There are two things about the International Court of Justice involvement. The International Court of Justice is considered the principal organ of the United Nations [for adjudicating international disputes]. So it’s a court that doesn’t try individual leaders or military commanders or anyone who instigated genocide or has been involved in it. It’s really a court that attempts to adjudicate when legal disputes or conflicts arise between UN member states. And so . . . we need to understand that this is not about criminal trials, who’s guilty, who’s not. But this is about resolving conflicts between and among states, judicially.
[In late March] the ICJ in The Hague issued another set of additional provisional measures. These are legally binding measures that the court has the power to issue to perpetrating states [before it] has reached its final conclusion [on whether] genocide has been indeed commissioned by the accused state . . . In the case of South Africa versus Israel, it hasn’t reached the merit phase yet. But on the face of the strength of the evidence that South Africa presented in January to the court, fifteen out of the seventeen judges—that's quite an extraordinary percentage of the judges—ruled in favor of South Africa's request . . . that the ICJ issue provisional measures to prevent further acts of genocide being committed by Israel against the 2.3 or 2.4 million Palestinian people in Gaza under total siege since October.
[The judges additionally declared that] Israel must allow aid delivery, and it must essentially reverse this process of mass starvation by policy against the Palestinian people. And so it’s rather extraordinary that within a span of two months, the court has issued two sets of provisional or interim orders. They are legally binding. The problem is the court does not have enforcing power. It doesn't have a police force. It doesn’t have the military organization to make the State of Israel comply with its legally binding order.

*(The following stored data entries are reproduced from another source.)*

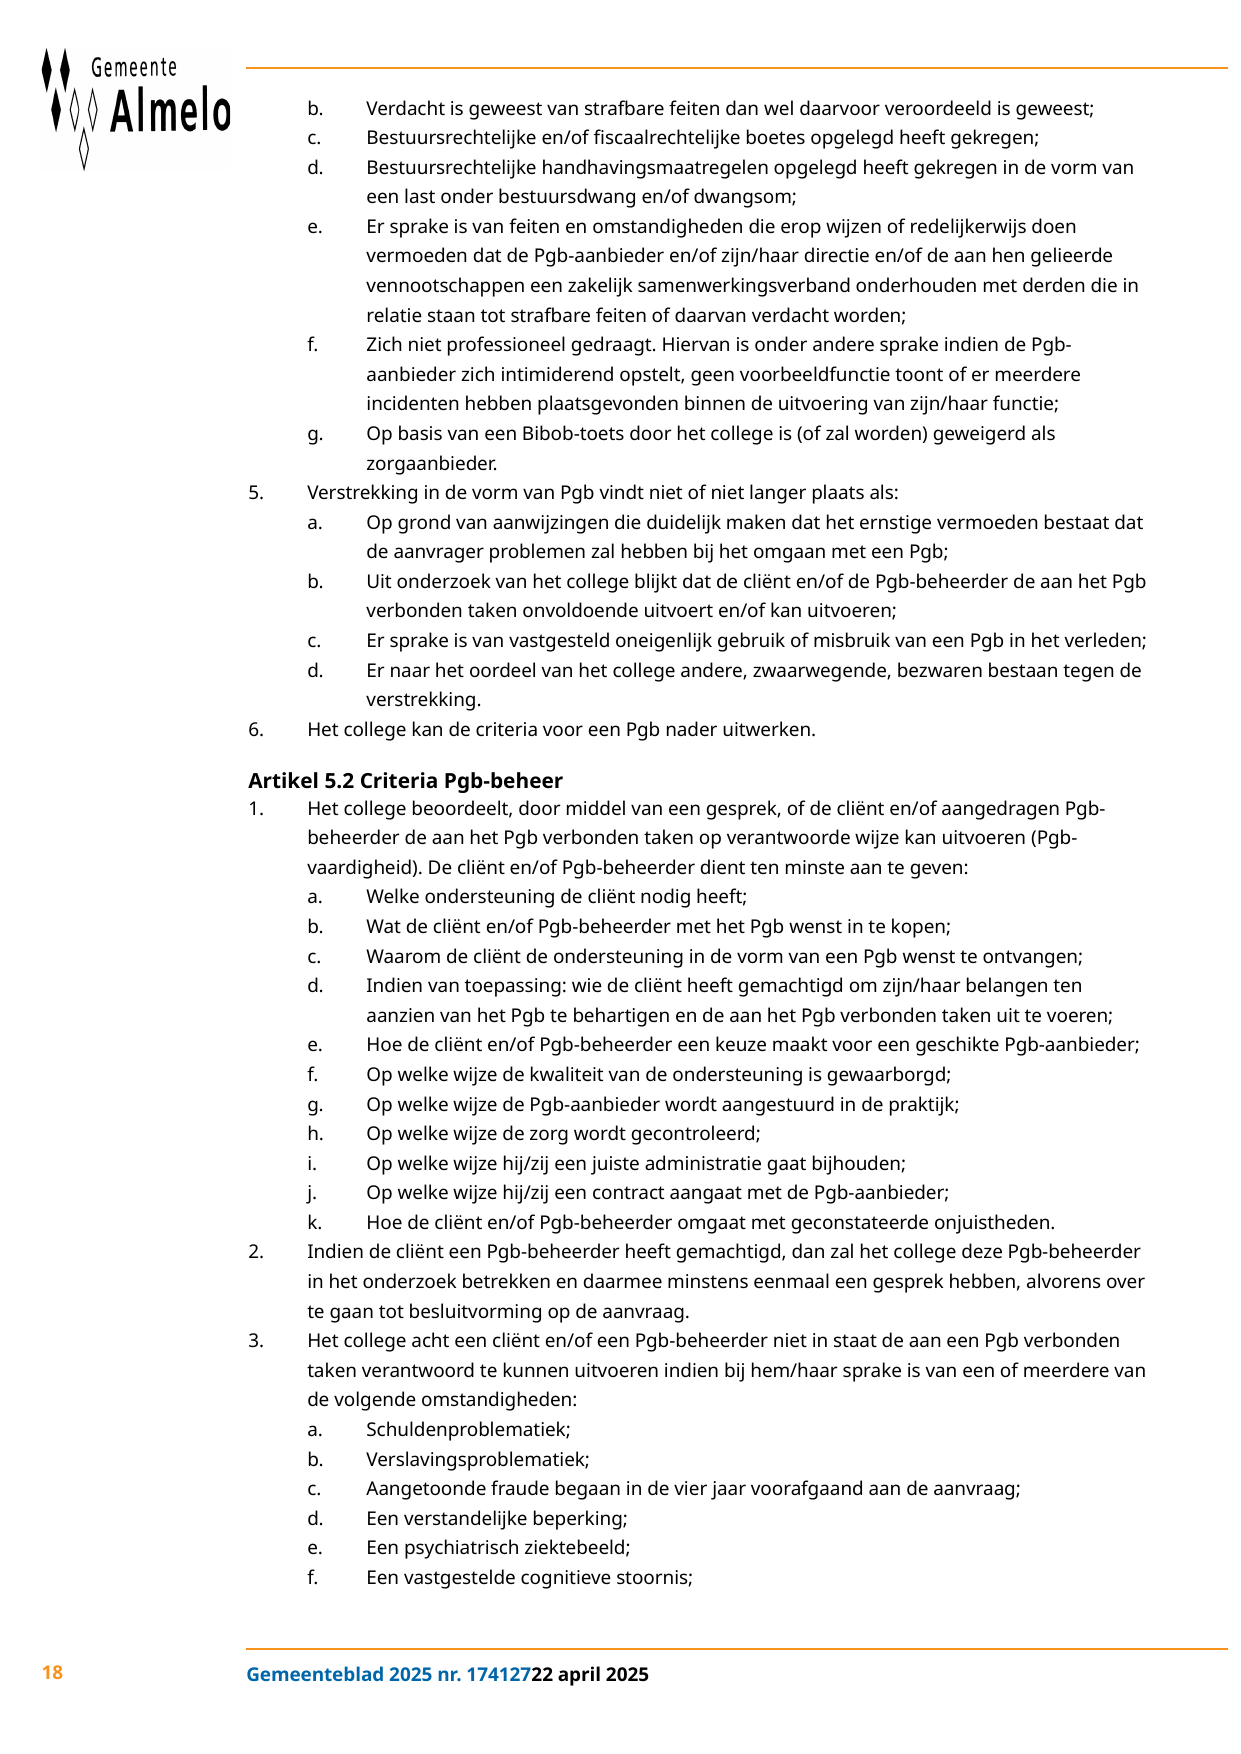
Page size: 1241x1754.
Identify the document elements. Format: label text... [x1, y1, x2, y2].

list Op welke wijze de Pgb-aanbieder wordt aangestuurd in de praktijk; [307, 1091, 1152, 1116]
list Bestuursrechtelijke handhavingsmaatregelen opgelegd heeft gekregen in de vorm van een last onder bestuursdwang en/of dwangsom; [307, 154, 1152, 209]
list Op welke wijze hij/zij een juiste administratie gaat bijhouden; [307, 1150, 1152, 1176]
list Op grond van aanwijzingen die duidelijk maken dat het ernstige vermoeden bestaat dat de aanvrager problemen zal hebben bij het omgaan met een Pgb; [307, 509, 1152, 564]
list Hoe de cliënt en/of Pgb-beheerder een keuze maakt voor een geschikte Pgb-aanbieder; [307, 1032, 1152, 1057]
list Op basis van een Bibob-toets door het college is (of zal worden) geweigerd als zorgaanbieder. [307, 420, 1152, 476]
list Wat de cliënt en/of Pgb-beheerder met het Pgb wenst in te kopen; [307, 913, 1152, 939]
list Verslavingsproblematiek; [307, 1446, 1152, 1471]
list Een vastgestelde cognitieve stoornis; [307, 1564, 1152, 1590]
list Welke ondersteuning de cliënt nodig heeft; [307, 884, 1152, 909]
list Het college acht een cliënt en/of een Pgb-beheerder niet in staat de aan een Pgb verbonden taken verantwoord te kunnen uitvoeren indien bij hem/haar sprake is van een of meerdere van de volgende omstandigheden: [248, 1327, 1152, 1412]
list Verstrekking in de vorm van Pgb vindt niet of niet langer plaats als: [248, 479, 1152, 505]
list Indien de cliënt een Pgb-beheerder heeft gemachtigd, dan zal het college deze Pgb-beheerder in het onderzoek betrekken en daarmee minstens eenmaal een gesprek hebben, alvorens over te gaan tot besluitvorming op de aanvraag. [248, 1239, 1152, 1323]
list Er sprake is van feiten en omstandigheden die erop wijzen of redelijkerwijs doen vermoeden dat de Pgb-aanbieder en/of zijn/haar directie en/of de aan hen gelieerde vennootschappen een zakelijk samenwerkingsverband onderhouden met derden die in relatie staan tot strafbare feiten of daarvan verdacht worden; [307, 213, 1152, 328]
list Op welke wijze hij/zij een contract aangaat met de Pgb-aanbieder; [307, 1179, 1152, 1205]
list Het college kan de criteria voor een Pgb nader uitwerken. [248, 716, 1152, 742]
list Indien van toepassing: wie de cliënt heeft gemachtigd om zijn/haar belangen ten aanzien van het Pgb te behartigen en de aan het Pgb verbonden taken uit te voeren; [307, 972, 1152, 1028]
list Waarom de cliënt de ondersteuning in de vorm van een Pgb wenst te ontvangen; [307, 943, 1152, 968]
list Zich niet professioneel gedraagt. Hiervan is onder andere sprake indien de Pgb-aanbieder zich intimiderend opstelt, geen voorbeeldfunctie toont of er meerdere incidenten hebben plaatsgevonden binnen de uitvoering van zijn/haar functie; [307, 331, 1152, 416]
list Op welke wijze de zorg wordt gecontroleerd; [307, 1120, 1152, 1146]
list Bestuursrechtelijke en/of fiscaalrechtelijke boetes opgelegd heeft gekregen; [307, 124, 1152, 150]
text Artikel 5.2 Criteria Pgb-beheer [248, 766, 1152, 795]
list Er sprake is van vastgesteld oneigenlijk gebruik of misbruik van een Pgb in het verleden; [307, 627, 1152, 653]
list Verdacht is geweest van strafbare feiten dan wel daarvoor veroordeeld is geweest; [307, 95, 1152, 121]
list Er naar het oordeel van het college andere, zwaarwegende, bezwaren bestaan tegen de verstrekking. [307, 657, 1152, 712]
list Schuldenproblematiek; [307, 1416, 1152, 1442]
list Het college beoordeelt, door middel van een gesprek, of de cliënt en/of aangedragen Pgb- beheerder de aan het Pgb verbonden taken op verantwoorde wijze kan uitvoeren (Pgb-vaardigheid). De cliënt en/of Pgb-beheerder dient ten minste aan te geven: [248, 795, 1152, 880]
picture [41, 47, 231, 172]
list Op welke wijze de kwaliteit van de ondersteuning is gewaarborgd; [307, 1061, 1152, 1087]
list Een verstandelijke beperking; [307, 1505, 1152, 1531]
list Aangetoonde fraude begaan in de vier jaar voorafgaand aan de aanvraag; [307, 1475, 1152, 1501]
list Hoe de cliënt en/of Pgb-beheerder omgaat met geconstateerde onjuistheden. [307, 1209, 1152, 1235]
list Een psychiatrisch ziektebeeld; [307, 1534, 1152, 1560]
list Uit onderzoek van het college blijkt dat de cliënt en/of de Pgb-beheerder de aan het Pgb verbonden taken onvoldoende uitvoert en/of kan uitvoeren; [307, 568, 1152, 623]

And also [in March], the Security Council, for the first time, voted in favor of calling for essentially a cease-fire . . . But the only problem with the Security Council resolution is that it was what is known as a Chapter Six resolution. Chapter Seven, [not Six, is the resolution with which] the Security Council authorizes the rest of the United Nations member states to [potentially use] military intervention to stop any events or processes that will harm the stability and peace around the world. So the Security Council resolution does not come with the council's mandate for the member states to intervene militarily and politically [or use] other forceful means to stop Israel's use of mass starvation as a weapon of genocide.

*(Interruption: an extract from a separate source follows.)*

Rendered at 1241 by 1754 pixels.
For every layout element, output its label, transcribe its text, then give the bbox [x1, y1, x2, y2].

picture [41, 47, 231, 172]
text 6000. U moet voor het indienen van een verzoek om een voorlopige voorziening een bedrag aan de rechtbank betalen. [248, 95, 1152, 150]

Q: Can you explain why you think the language of the Genocide Convention is inadequate for trying to redress the fundamental problems here?
MZ: There are two issues with the Genocide Convention as far as many of us who are not legalists [are concerned]. Firstly, the Genocide Convention, as it was adopted, was extremely watered-down legal text. The Polish Jewish legal scholar and legal activist [who helped author the Convention], Rafael Lemkin, had a very rich, multi-layered, and multifaceted conception of genocide. Essentially, you don’t need to study genocide academically and formally; anyone on the street can understand what genocide is. If you break it down, genocide simply means a process designed to destroy a human group or population, usually ethnic minorities, religious minorities, vulnerable communities within nations. When those vulnerable . . . populations are singled out for destruction, intentionally, and as a matter of policy, by a political state, then that is essentially both an act and process of genocide. And genocide is also not a single act of simply killing two million people in gas chambers or carpet bombing half a nation.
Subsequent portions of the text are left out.